■ **DATA TO EXAMINE**:
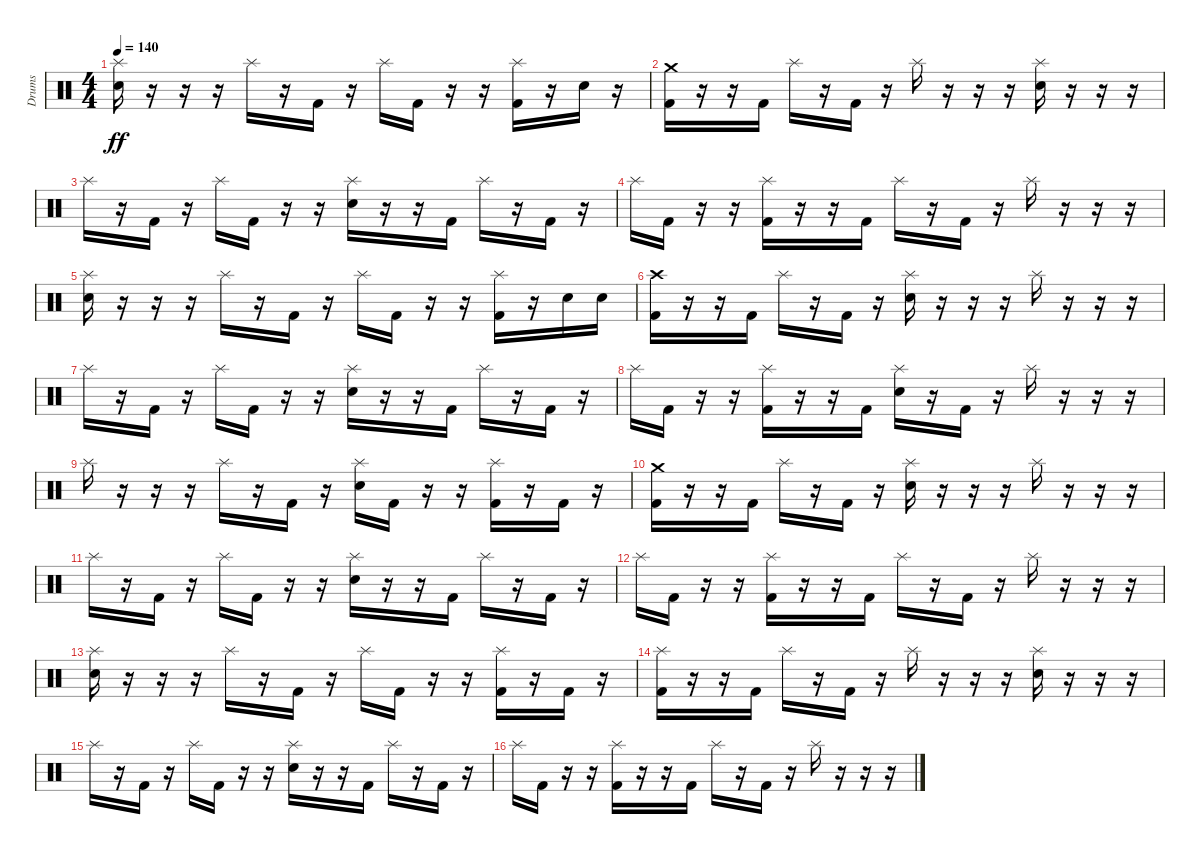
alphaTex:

\track ("Drums" "Drums") {instrument percussion}
\staff {score}
\articulation defaults
\ts (4 4)
\tempo 140
\clef neutral
\ks c
("Splash (hit)" "Electric Snare (hit)").16{dy ff} r.16 r.16 r.16 "Splash (hit)".16 r.16 "Kick (hit) 2".16 r.16 "Splash (hit)".16 "Kick (hit) 2".16 r.16 r.16 ("Splash (hit)" "Kick (hit) 2").16 r.16 "Electric Snare (hit)".16 r.16 |
("Crash medium (hit)" "Kick (hit) 2").16 r.16 r.16 "Kick (hit) 2".16 "Splash (hit)".16 r.16 "Kick (hit) 2".16 r.16 "Splash (hit)".16 r.16 r.16 r.16 ("Splash (hit)" "Electric Snare (hit)").16 r.16 r.16 r.16 |
"Splash (hit)".16 r.16 "Kick (hit) 2".16 r.16 "Splash (hit)".16 "Kick (hit) 2".16 r.16 r.16 ("Splash (hit)" "Electric Snare (hit)").16 r.16 r.16 "Kick (hit) 2".16 "Splash (hit)".16 r.16 "Kick (hit) 2".16 r.16 |
"Splash (hit)".16 "Kick (hit) 2".16 r.16 r.16 ("Splash (hit)" "Kick (hit) 2").16 r.16 r.16 "Kick (hit) 2".16 "Splash (hit)".16 r.16 "Kick (hit) 2".16 r.16 "Splash (hit)".16 r.16 r.16 r.16 |
("Splash (hit)" "Electric Snare (hit)").16 r.16 r.16 r.16 "Splash (hit)".16 r.16 "Kick (hit) 2".16 r.16 "Splash (hit)".16 "Kick (hit) 2".16 r.16 r.16 ("Splash (hit)" "Kick (hit) 2").16 r.16 "Electric Snare (hit)".16 "Electric Snare (hit)".16 |
("Crash high (hit)" "Kick (hit) 2").16 r.16 r.16 "Kick (hit) 2".16 "Splash (hit)".16 r.16 "Kick (hit) 2".16 r.16 ("Splash (hit)" "Electric Snare (hit)").16 r.16 r.16 r.16 "Splash (hit)".16 r.16 r.16 r.16 |
"Splash (hit)".16 r.16 "Kick (hit) 2".16 r.16 "Splash (hit)".16 "Kick (hit) 2".16 r.16 r.16 ("Splash (hit)" "Electric Snare (hit)").16 r.16 r.16 "Kick (hit) 2".16 "Splash (hit)".16 r.16 "Kick (hit) 2".16 r.16 |
"Splash (hit)".16 "Kick (hit) 2".16 r.16 r.16 ("Splash (hit)" "Kick (hit) 2").16 r.16 r.16 "Kick (hit) 2".16 ("Splash (hit)" "Electric Snare (hit)").16 r.16 "Kick (hit) 2".16 r.16 "Splash (hit)".16 r.16 r.16 r.16 |
"Splash (hit)".16 r.16 r.16 r.16 "Splash (hit)".16 r.16 "Kick (hit) 2".16 r.16 ("Splash (hit)" "Electric Snare (hit)").16 "Kick (hit) 2".16 r.16 r.16 ("Splash (hit)" "Kick (hit) 2").16 r.16 "Kick (hit) 2".16 r.16 |
("Crash medium (hit)" "Kick (hit) 2").16 r.16 r.16 "Kick (hit) 2".16 "Splash (hit)".16 r.16 "Kick (hit) 2".16 r.16 ("Splash (hit)" "Electric Snare (hit)").16 r.16 r.16 r.16 "Splash (hit)".16 r.16 r.16 r.16 |
"Splash (hit)".16 r.16 "Kick (hit) 2".16 r.16 "Splash (hit)".16 "Kick (hit) 2".16 r.16 r.16 ("Splash (hit)" "Electric Snare (hit)").16 r.16 r.16 "Kick (hit) 2".16 "Splash (hit)".16 r.16 "Kick (hit) 2".16 r.16 |
"Splash (hit)".16 "Kick (hit) 2".16 r.16 r.16 ("Splash (hit)" "Kick (hit) 2").16 r.16 r.16 "Kick (hit) 2".16 "Splash (hit)".16 r.16 "Kick (hit) 2".16 r.16 "Splash (hit)".16 r.16 r.16 r.16 |
("Splash (hit)" "Electric Snare (hit)").16 r.16 r.16 r.16 "Splash (hit)".16 r.16 "Kick (hit) 2".16 r.16 "Splash (hit)".16 "Kick (hit) 2".16 r.16 r.16 ("Splash (hit)" "Kick (hit) 2").16 r.16 "Kick (hit) 2".16 r.16 |
("Splash (hit)" "Kick (hit) 2").16{volume 11} r.16 r.16 "Kick (hit) 2".16 "Splash (hit)".16 r.16 "Kick (hit) 2".16 r.16 "Splash (hit)".16 r.16 r.16 r.16 ("Splash (hit)" "Electric Snare (hit)").16 r.16 r.16 r.16 |
"Splash (hit)".16 r.16 "Kick (hit) 2".16 r.16 "Splash (hit)".16 "Kick (hit) 2".16 r.16 r.16 ("Splash (hit)" "Electric Snare (hit)").16 r.16 r.16 "Kick (hit) 2".16 "Splash (hit)".16 r.16 "Kick (hit) 2".16 r.16 |
"Splash (hit)".16 "Kick (hit) 2".16 r.16 r.16 ("Splash (hit)" "Kick (hit) 2").16 r.16 r.16 "Kick (hit) 2".16 "Splash (hit)".16 r.16 "Kick (hit) 2".16 r.16 "Splash (hit)".16 r.16 r.16 r.16

■ **WORK INSTRUCTIONS**:
Repeat the records above exactly, leaving out the pictures.

■ **SOLUTION**:
alphaTex:

\track ("Drums" "Drums") {instrument percussion}
\staff {score}
\articulation defaults
\ts (4 4)
\tempo 140
\clef neutral
\ks c
("Splash (hit)" "Electric Snare (hit)").16{dy ff} r.16 r.16 r.16 "Splash (hit)".16 r.16 "Kick (hit) 2".16 r.16 "Splash (hit)".16 "Kick (hit) 2".16 r.16 r.16 ("Splash (hit)" "Kick (hit) 2").16 r.16 "Electric Snare (hit)".16 r.16 |
("Crash medium (hit)" "Kick (hit) 2").16 r.16 r.16 "Kick (hit) 2".16 "Splash (hit)".16 r.16 "Kick (hit) 2".16 r.16 "Splash (hit)".16 r.16 r.16 r.16 ("Splash (hit)" "Electric Snare (hit)").16 r.16 r.16 r.16 |
"Splash (hit)".16 r.16 "Kick (hit) 2".16 r.16 "Splash (hit)".16 "Kick (hit) 2".16 r.16 r.16 ("Splash (hit)" "Electric Snare (hit)").16 r.16 r.16 "Kick (hit) 2".16 "Splash (hit)".16 r.16 "Kick (hit) 2".16 r.16 |
"Splash (hit)".16 "Kick (hit) 2".16 r.16 r.16 ("Splash (hit)" "Kick (hit) 2").16 r.16 r.16 "Kick (hit) 2".16 "Splash (hit)".16 r.16 "Kick (hit) 2".16 r.16 "Splash (hit)".16 r.16 r.16 r.16 |
("Splash (hit)" "Electric Snare (hit)").16 r.16 r.16 r.16 "Splash (hit)".16 r.16 "Kick (hit) 2".16 r.16 "Splash (hit)".16 "Kick (hit) 2".16 r.16 r.16 ("Splash (hit)" "Kick (hit) 2").16 r.16 "Electric Snare (hit)".16 "Electric Snare (hit)".16 |
("Crash high (hit)" "Kick (hit) 2").16 r.16 r.16 "Kick (hit) 2".16 "Splash (hit)".16 r.16 "Kick (hit) 2".16 r.16 ("Splash (hit)" "Electric Snare (hit)").16 r.16 r.16 r.16 "Splash (hit)".16 r.16 r.16 r.16 |
"Splash (hit)".16 r.16 "Kick (hit) 2".16 r.16 "Splash (hit)".16 "Kick (hit) 2".16 r.16 r.16 ("Splash (hit)" "Electric Snare (hit)").16 r.16 r.16 "Kick (hit) 2".16 "Splash (hit)".16 r.16 "Kick (hit) 2".16 r.16 |
"Splash (hit)".16 "Kick (hit) 2".16 r.16 r.16 ("Splash (hit)" "Kick (hit) 2").16 r.16 r.16 "Kick (hit) 2".16 ("Splash (hit)" "Electric Snare (hit)").16 r.16 "Kick (hit) 2".16 r.16 "Splash (hit)".16 r.16 r.16 r.16 |
"Splash (hit)".16 r.16 r.16 r.16 "Splash (hit)".16 r.16 "Kick (hit) 2".16 r.16 ("Splash (hit)" "Electric Snare (hit)").16 "Kick (hit) 2".16 r.16 r.16 ("Splash (hit)" "Kick (hit) 2").16 r.16 "Kick (hit) 2".16 r.16 |
("Crash medium (hit)" "Kick (hit) 2").16 r.16 r.16 "Kick (hit) 2".16 "Splash (hit)".16 r.16 "Kick (hit) 2".16 r.16 ("Splash (hit)" "Electric Snare (hit)").16 r.16 r.16 r.16 "Splash (hit)".16 r.16 r.16 r.16 |
"Splash (hit)".16 r.16 "Kick (hit) 2".16 r.16 "Splash (hit)".16 "Kick (hit) 2".16 r.16 r.16 ("Splash (hit)" "Electric Snare (hit)").16 r.16 r.16 "Kick (hit) 2".16 "Splash (hit)".16 r.16 "Kick (hit) 2".16 r.16 |
"Splash (hit)".16 "Kick (hit) 2".16 r.16 r.16 ("Splash (hit)" "Kick (hit) 2").16 r.16 r.16 "Kick (hit) 2".16 "Splash (hit)".16 r.16 "Kick (hit) 2".16 r.16 "Splash (hit)".16 r.16 r.16 r.16 |
("Splash (hit)" "Electric Snare (hit)").16 r.16 r.16 r.16 "Splash (hit)".16 r.16 "Kick (hit) 2".16 r.16 "Splash (hit)".16 "Kick (hit) 2".16 r.16 r.16 ("Splash (hit)" "Kick (hit) 2").16 r.16 "Kick (hit) 2".16 r.16 |
("Splash (hit)" "Kick (hit) 2").16{volume 11} r.16 r.16 "Kick (hit) 2".16 "Splash (hit)".16 r.16 "Kick (hit) 2".16 r.16 "Splash (hit)".16 r.16 r.16 r.16 ("Splash (hit)" "Electric Snare (hit)").16 r.16 r.16 r.16 |
"Splash (hit)".16 r.16 "Kick (hit) 2".16 r.16 "Splash (hit)".16 "Kick (hit) 2".16 r.16 r.16 ("Splash (hit)" "Electric Snare (hit)").16 r.16 r.16 "Kick (hit) 2".16 "Splash (hit)".16 r.16 "Kick (hit) 2".16 r.16 |
"Splash (hit)".16 "Kick (hit) 2".16 r.16 r.16 ("Splash (hit)" "Kick (hit) 2").16 r.16 r.16 "Kick (hit) 2".16 "Splash (hit)".16 r.16 "Kick (hit) 2".16 r.16 "Splash (hit)".16 r.16 r.16 r.16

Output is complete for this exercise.